ME 495 COURSE PROFILE
DEGREE PROGRAM: Mechanical Engineering

COURSE NUMBER: ME 495 COURSE TITLE: Laboratory II
REQUIRED COURSE OR ELECTIVE COURSE: Required TERMS OFFERED: Fall, Winter
TEXTBOOK / REQUIRED MATERIAL: PRE / CO-REQUISITES: MECHENG 360, MECHENG 395, preceded or accompanied by MECHENG 335 and MECHENG 350. May not elect MECHENG 450 concurrently. Not open to graduate students. I, II (4 credits)
COGNIZANT FACULTY: B. Gillespie
COURSE TOPICS:
  1. Frequency Response Analysis of a Flexible Torsional System
  2. Choose either a or b: (a) Evaluation of a Vapor/Compression Cycle; (b) Dynamic Compensation of a Subwoofer Speaker System
  3. Choose either a, b, or c: (a) Performance of a Single Cylinder Engine; (b) Injection Molding of Plastic Parts; (c) Evaluation of the Welding Process
  4. Student Designed Laboratory
BULLETIN DESCRIPTION: Weekly lectures and extended experimental projects designed to demonstrate experimental and analytical methods as applied to complex mechanical systems. Topics will include controls, heat transfer, fluid mechanics, thermodynamics, mechanics, materials, and dynamical systems. Emphasis on laboratory report writing, oral presentations, and team-building skills, and the design of experiments.
COURSE STRUCTURE/SCHEDULE: Lecture: 2 days per week at 1.5 hours, Laboratory: 1 day per week at 3.0 hours

COURSE OBJECTIVES:
for each course objective, links to the Program Outcomes are identified in brackets.

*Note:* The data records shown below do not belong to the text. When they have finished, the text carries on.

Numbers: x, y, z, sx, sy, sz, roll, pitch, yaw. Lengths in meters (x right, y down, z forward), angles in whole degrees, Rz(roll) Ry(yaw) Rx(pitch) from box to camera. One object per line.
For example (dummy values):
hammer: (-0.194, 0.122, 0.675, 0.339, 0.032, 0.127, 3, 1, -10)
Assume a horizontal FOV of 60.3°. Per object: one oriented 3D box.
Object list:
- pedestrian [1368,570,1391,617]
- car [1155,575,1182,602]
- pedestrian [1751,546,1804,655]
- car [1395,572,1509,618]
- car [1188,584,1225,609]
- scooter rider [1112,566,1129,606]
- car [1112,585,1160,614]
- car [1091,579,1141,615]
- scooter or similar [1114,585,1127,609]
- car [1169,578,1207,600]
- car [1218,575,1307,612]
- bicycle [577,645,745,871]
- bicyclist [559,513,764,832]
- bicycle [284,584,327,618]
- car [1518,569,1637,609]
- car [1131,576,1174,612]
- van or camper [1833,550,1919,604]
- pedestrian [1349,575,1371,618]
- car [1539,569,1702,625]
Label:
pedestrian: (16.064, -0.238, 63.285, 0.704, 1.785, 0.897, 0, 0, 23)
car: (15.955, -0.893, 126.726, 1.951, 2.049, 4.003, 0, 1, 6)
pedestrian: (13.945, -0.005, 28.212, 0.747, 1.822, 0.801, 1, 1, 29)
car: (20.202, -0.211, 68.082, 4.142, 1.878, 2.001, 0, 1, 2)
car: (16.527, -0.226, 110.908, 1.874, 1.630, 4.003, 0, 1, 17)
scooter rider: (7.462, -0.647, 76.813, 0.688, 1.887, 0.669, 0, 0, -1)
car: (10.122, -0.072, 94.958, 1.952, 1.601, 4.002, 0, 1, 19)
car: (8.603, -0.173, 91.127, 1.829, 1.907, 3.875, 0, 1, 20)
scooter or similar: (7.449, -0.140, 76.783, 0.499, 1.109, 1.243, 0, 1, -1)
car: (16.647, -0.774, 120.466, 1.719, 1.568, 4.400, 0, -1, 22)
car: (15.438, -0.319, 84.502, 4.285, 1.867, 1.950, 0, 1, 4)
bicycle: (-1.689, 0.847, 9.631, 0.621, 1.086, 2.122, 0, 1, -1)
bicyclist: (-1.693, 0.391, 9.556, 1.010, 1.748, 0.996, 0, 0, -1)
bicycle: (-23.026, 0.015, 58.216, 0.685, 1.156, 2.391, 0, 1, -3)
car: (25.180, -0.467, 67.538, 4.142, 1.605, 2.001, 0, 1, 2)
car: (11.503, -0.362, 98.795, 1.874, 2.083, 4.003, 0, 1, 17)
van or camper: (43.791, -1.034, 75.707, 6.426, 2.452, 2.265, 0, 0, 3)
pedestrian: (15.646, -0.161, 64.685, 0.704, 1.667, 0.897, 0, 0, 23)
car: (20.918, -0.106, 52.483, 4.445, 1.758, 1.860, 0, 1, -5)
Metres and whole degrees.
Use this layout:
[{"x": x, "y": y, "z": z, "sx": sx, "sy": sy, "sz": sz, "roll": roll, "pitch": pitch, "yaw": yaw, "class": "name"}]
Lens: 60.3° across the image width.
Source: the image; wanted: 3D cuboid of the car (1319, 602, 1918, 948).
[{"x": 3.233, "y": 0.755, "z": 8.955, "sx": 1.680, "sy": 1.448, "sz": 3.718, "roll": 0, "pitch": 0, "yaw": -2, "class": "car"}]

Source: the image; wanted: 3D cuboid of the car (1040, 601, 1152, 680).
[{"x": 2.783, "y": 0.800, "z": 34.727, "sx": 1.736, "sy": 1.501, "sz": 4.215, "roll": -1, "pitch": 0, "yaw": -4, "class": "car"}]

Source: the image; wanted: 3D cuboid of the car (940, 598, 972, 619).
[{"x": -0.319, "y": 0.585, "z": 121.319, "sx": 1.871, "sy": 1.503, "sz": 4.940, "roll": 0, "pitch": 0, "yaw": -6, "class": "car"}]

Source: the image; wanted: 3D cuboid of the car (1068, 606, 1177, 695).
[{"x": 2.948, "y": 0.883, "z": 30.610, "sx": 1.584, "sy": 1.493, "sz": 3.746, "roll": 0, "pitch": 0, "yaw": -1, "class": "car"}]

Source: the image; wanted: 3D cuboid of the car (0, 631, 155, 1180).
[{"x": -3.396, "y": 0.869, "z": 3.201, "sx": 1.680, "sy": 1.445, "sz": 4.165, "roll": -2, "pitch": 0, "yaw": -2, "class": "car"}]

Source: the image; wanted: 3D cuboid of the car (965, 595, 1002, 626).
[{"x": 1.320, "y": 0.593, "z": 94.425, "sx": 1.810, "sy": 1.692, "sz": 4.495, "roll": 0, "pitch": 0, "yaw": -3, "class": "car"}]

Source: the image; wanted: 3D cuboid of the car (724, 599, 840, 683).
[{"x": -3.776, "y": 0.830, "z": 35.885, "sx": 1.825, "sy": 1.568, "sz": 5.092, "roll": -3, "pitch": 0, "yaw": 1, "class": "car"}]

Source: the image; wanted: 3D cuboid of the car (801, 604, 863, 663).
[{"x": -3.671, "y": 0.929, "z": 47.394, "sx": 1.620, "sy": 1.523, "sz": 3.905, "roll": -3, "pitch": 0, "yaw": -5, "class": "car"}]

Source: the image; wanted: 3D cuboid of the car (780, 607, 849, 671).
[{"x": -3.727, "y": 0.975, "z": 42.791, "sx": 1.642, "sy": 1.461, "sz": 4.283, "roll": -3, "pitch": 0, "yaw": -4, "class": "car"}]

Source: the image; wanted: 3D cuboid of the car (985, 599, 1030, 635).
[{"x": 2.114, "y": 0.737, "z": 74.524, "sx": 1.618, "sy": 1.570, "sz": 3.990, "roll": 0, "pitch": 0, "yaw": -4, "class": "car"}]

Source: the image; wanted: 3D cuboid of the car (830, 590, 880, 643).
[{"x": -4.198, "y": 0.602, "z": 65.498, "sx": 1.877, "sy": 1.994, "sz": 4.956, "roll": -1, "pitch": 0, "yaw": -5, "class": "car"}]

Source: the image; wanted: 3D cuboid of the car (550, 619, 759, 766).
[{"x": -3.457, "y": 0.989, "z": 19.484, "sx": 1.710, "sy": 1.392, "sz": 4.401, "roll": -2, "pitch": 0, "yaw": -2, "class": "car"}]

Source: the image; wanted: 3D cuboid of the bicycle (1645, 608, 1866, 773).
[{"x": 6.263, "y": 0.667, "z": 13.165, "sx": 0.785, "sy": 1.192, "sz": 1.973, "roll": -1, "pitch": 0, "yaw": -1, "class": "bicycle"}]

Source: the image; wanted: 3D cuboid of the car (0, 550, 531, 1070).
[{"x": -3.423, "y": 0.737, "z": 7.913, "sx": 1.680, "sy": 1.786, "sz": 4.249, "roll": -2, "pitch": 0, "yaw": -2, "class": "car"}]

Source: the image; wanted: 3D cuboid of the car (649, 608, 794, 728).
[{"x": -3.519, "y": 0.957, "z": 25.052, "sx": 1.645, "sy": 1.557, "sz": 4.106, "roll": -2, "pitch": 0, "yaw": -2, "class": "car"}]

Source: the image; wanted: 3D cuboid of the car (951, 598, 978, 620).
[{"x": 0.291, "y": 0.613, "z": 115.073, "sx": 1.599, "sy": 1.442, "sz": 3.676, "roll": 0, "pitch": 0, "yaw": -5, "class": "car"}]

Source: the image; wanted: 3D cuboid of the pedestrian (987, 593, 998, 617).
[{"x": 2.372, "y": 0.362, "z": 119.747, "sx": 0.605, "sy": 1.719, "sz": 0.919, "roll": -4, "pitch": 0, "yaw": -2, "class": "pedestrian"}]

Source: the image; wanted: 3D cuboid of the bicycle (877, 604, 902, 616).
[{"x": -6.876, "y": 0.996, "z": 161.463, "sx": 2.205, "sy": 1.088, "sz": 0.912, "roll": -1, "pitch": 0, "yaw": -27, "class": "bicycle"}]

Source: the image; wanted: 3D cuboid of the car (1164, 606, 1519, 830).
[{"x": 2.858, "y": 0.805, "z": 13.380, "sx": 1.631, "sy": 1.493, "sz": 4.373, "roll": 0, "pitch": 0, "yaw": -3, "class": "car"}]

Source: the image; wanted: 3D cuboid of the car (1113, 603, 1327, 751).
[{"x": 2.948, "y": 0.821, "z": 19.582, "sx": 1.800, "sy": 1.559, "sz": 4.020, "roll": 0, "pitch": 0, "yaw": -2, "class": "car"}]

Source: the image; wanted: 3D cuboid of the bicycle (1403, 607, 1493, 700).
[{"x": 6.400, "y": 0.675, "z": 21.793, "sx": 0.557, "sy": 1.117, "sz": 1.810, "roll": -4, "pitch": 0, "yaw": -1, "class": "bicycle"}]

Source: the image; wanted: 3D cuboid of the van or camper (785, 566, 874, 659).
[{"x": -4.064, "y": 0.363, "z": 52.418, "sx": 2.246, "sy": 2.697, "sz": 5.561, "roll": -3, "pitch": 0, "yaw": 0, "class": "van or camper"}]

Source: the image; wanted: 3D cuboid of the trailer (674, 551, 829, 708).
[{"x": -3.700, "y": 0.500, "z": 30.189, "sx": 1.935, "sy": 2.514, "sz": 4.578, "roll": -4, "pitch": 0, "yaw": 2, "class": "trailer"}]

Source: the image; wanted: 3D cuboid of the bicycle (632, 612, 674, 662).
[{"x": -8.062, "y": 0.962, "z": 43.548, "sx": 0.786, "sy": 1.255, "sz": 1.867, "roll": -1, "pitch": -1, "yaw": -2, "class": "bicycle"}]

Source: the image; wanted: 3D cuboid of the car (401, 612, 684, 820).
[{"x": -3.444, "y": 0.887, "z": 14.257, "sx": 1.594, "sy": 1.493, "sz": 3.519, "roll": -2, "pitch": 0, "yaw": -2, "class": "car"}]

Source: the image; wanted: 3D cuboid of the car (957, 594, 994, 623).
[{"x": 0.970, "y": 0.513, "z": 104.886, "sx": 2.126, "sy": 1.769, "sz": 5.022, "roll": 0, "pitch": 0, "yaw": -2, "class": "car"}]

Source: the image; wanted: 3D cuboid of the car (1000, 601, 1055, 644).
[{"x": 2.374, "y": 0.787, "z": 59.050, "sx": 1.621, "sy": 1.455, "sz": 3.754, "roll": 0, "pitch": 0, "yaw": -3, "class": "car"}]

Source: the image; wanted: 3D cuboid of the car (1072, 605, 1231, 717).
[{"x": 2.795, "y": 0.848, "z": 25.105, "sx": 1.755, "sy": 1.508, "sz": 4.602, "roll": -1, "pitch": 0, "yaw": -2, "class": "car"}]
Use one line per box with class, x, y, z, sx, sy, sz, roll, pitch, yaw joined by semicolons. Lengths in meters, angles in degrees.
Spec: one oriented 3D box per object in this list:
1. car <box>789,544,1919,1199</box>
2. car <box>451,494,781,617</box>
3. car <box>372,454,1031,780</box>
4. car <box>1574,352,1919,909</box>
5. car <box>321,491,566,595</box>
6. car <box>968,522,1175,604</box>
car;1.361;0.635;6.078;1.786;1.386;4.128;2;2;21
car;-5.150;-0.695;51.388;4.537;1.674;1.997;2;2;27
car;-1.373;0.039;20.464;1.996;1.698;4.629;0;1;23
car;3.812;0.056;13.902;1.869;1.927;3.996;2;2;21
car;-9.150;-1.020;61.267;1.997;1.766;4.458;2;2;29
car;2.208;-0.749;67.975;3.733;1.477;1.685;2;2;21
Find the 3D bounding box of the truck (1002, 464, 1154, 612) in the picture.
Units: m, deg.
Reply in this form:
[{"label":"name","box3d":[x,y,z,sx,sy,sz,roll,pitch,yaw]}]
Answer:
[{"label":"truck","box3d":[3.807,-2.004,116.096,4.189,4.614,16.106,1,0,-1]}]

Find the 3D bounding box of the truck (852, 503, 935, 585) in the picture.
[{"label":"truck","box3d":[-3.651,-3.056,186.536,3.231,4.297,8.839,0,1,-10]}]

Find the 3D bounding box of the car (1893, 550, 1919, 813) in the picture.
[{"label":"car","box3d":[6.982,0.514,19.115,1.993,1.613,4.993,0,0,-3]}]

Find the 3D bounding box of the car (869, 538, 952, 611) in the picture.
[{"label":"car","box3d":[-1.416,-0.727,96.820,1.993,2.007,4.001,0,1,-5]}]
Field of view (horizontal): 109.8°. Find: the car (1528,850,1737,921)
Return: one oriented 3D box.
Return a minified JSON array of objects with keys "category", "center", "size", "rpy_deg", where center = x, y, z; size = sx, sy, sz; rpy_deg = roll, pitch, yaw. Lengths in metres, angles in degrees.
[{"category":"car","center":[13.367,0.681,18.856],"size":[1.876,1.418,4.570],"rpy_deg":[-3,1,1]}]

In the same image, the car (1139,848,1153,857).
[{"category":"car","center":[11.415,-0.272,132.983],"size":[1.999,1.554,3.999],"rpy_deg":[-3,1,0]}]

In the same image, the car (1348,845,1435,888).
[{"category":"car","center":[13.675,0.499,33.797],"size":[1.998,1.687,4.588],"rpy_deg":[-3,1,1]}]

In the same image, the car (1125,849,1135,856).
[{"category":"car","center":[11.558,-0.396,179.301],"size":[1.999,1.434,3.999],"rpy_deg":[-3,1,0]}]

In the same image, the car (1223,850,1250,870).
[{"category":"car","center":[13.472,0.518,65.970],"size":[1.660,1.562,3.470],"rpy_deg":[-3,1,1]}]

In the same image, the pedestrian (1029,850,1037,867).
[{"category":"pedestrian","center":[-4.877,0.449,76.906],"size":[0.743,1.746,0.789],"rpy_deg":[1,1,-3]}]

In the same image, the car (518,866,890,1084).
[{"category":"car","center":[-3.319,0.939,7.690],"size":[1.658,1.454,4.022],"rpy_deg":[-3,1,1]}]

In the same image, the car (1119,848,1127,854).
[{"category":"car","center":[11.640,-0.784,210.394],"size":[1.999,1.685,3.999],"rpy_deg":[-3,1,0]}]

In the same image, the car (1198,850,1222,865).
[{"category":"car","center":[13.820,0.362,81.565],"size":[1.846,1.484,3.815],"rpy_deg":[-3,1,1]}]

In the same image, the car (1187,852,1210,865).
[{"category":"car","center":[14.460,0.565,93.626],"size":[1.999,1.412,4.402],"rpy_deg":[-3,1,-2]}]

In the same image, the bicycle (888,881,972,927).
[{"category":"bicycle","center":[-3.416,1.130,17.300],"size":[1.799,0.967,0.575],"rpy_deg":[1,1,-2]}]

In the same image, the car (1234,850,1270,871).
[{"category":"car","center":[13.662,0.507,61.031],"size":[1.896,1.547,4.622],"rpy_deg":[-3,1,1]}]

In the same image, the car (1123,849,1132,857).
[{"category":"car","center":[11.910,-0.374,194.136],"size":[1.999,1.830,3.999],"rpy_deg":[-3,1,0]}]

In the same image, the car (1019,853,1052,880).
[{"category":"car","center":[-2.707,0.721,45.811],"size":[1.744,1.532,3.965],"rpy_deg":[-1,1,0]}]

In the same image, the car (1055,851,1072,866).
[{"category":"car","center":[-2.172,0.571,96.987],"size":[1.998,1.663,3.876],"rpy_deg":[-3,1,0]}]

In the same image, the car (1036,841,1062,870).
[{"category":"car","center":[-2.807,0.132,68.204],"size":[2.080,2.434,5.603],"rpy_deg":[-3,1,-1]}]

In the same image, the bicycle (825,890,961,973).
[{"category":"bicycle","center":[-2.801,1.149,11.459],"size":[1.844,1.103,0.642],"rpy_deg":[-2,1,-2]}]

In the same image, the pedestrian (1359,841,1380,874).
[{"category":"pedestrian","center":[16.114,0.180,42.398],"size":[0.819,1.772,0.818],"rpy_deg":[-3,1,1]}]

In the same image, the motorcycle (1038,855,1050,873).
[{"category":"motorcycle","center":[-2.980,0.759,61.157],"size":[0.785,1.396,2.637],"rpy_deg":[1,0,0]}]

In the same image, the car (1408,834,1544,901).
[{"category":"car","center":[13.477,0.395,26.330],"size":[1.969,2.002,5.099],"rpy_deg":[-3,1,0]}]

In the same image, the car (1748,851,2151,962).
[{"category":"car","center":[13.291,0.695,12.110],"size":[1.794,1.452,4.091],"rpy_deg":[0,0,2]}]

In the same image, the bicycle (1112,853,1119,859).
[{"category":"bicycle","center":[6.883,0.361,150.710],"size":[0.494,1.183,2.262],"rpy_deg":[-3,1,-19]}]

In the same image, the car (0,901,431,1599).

  1. To teach students to analyze complex engineering systems [1, 2, 11]
  2. To provide students with practical illustration of concepts taught in the core classes [1]
  3. To teach students how to propose and execute an experimental and analytical program [2,3]
  4. To teach students to present results in different scientific and industrial written formats [7]
  5. To teach students to present their results orally [7]
  6. To teach students how to present results in a poster format [7]
  7. To teach students to work in teams [4]
COURSE OUTCOMES:
for each course outcome, links to the Course Objectives are identified in brackets.
  1. Investigate how to compare the mathematical model of a dynamic system with its experimental performance [1, 2]
  2. a. Evaluate the thermal efficiency and cooling capacity of a vapor compression cycle, evaluate the effectiveness of the condenser and evaporator, and evaluate the isentropic efficiency of the compressor over a range of operating conditions [1, 2]. b. Experimentally measure the frequency response of a subwoofer speaker, obtain a simplified model of the speaker through 'curve fitting,' design a feedforward compensator, design a feedback/feedforward compensator, implement the compensators using analog circuits, and verify the performance of the compensated speaker [1, 2]
  3. a. Determine the thermal and mechanical efficiency of a single cylinder engine. Compare indicated and brake engine power. Evaluate the effect of air/fuel, load, and compression ratios on engine performance and emissions. Evaluate engine losses due to friction [1, 2]. b. Determine how clamping force and injection pressure influence the outcome of an injection molding process. Examine the dimensional stability of injection molded parts. Determine the residual stresses and flow patterns in clear parts using optical methods. Examine how process parameters influence the mechanical strength of weld lines [1, 2]. c. Determine how welding process parameters such as feed rate and input power influence the heat effected zone for MIG and spot-welding processes. Section and microscopically examine the welded zone. Determine how process parameters influence the strength of the welded joint [1, 2]
  4. Create a proposal for an experimental program [3]
  5. Plan and execute an experimental program [3]
  6. Be able to use a variety of industrial and scientific formats to present the results and conclusions of an experimental project in a clear, readable, succinct, and informative written format [4]
  7. Present a proposal for a project in an oral form [5]
  8. Present the results of a project in a poster format [6]
ASSESSMENT TOOLS:
for each assessment tool, links to the course outcomes are identified
  1. Lab reports containing an abstract, results, discussion, conclusions, and figures for each laboratory
  2. Oral reports
  3. Full length report for the final lab project
  4. Examination of lab books to verify correct recording and analysis of data
  5. Self-evaluation by team members
  6. Evaluation of oral presentation(s) by teams

PREPARED BY: B. Gillespie
LAST UPDATED: May 2, 2011